Forecasting pipeline for python

Primary LanguagePython


This project consists of a series of Python scripts designed to perform time series forecasting using various statistical and machine learning models. The project is broken down into five distinct scripts, each having a unique role. Below is a summary of each script:

Script Summaries

1. Data Preparation (data_preparation.py)


  • This script is responsible for generating and preparing data for modeling. It includes functions to generate a synthetic dataset with daily frequency and create various time features based on the date index.


  • generate_data(): Generates a data frame with a date range from 1/1/2020 to 1/10/2023 and a random data series.
  • train_test_split(): Splits the data into training and test sets with an 80-20 split.
  • create_features(): Creates several time series features including year, month, day, and various lag and rolling window features.

Important Details:

  • The data is generated with a daily frequency starting from 1/1/2020 to 1/10/2023.
  • A random number generator is used to create a data series.
  • Additional features are created based on the date index to assist with time series modeling.

2. Model Training and Prediction (model_training_and_prediction.py)


  • This script contains functions for training and predicting various time series models including linear regression, tree-based models, and several time series specific models like ARIMA and Prophet.


  • get_best_arima_order(train_data): Determines the best ARIMA order for the given training data using auto_arima.
  • train_model(model, X_train, y_train): Trains the specified model using the training data.
  • predict_model(model, X_test): Uses the trained model to make predictions on the test data.
  • Separate functions exist for training and predicting using specific models like Prophet, ARIMA, etc.

Important Details:

  • Includes a wide variety of models to choose from, including machine learning models and statistical time series models.
  • Model-specific training and prediction functions handle the unique requirements of each model type.

3. Evaluation Metrics (evaluation_metrics.py)


  • This script contains functions to calculate several statistical evaluation metrics to assess the performance of the forecasting models.

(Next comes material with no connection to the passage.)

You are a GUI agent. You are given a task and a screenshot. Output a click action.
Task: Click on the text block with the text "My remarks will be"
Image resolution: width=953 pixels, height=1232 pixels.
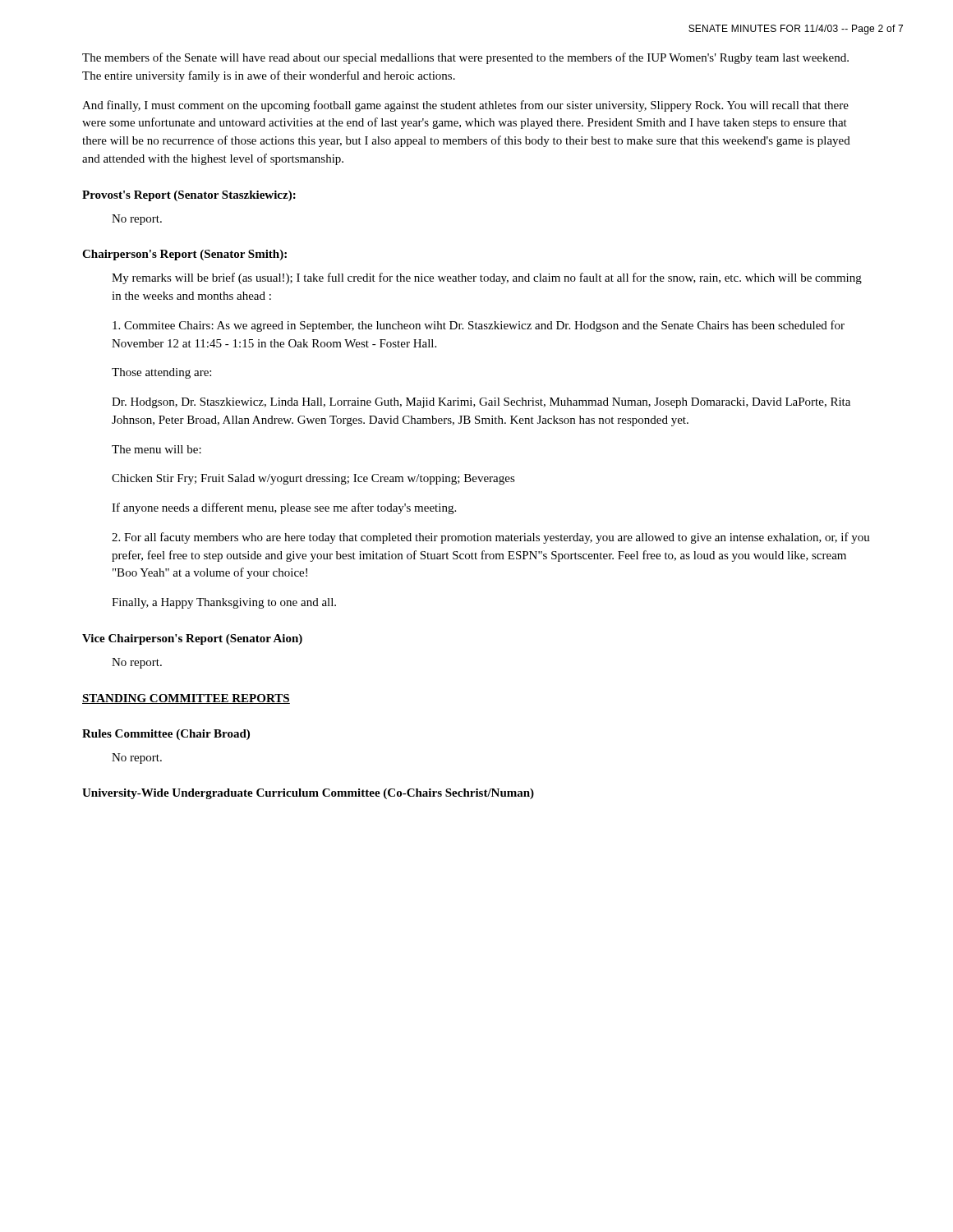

  • mean_absolute_percentage_error(y_true, y_pred): Computes the Mean Absolute Percentage Error.
  • symmetric_mean_absolute_percentage_error(y_true, y_pred): Computes the Symmetric Mean Absolute Percentage Error.
  • mean_absolute_scaled_error(y_true, y_pred): Computes the Mean Absolute Scaled Error.
  • calculate_metrics(y_true, y_pred): Computes a series of metrics including MSE, RMSE, MAE, R2, MAPE, sMAPE, and MASE.

Important Details:

  • The metrics are used to evaluate the model predictions compared to the actual values.
  • Additional functions compute other statistical metrics for a comprehensive evaluation of the model performance.

4. Error Handler (error_handler.py)


  • This script contains a decorator function to catch and log errors that occur during the execution of the functions it decorates.


  • error_handler(func): A decorator to catch any exceptions that occur during the function execution and log them to a file.

Important Details:

  • The error handler logs errors into a file named 'errors.log'.
  • Helps in maintaining robustness by preventing the script from breaking due to errors and exceptions.

5. Main Script with Stacking and Ensembling (main.py)


  • The main script integrates functions from all other scripts to create a complete workflow for time series forecasting. It generates data, creates features, trains models, makes predictions, and evaluates the results. Additionally, it now includes stacking and ensembling of models.


  • main(): Coordinates the entire forecasting workflow, including data generation, feature creation, model training, prediction, evaluation, and ensemble modeling.

Important Details:

  • Utilizes the error_handler decorator to catch and log errors during the execution of the main function.
  • Trains a series of models and evaluates their performance using the metrics defined in the evaluation_metrics.py script.
  • Implements model stacking and ensembling by averaging predictions from individual models.
  • The results are returned as a DataFrame for easy viewing and analysis.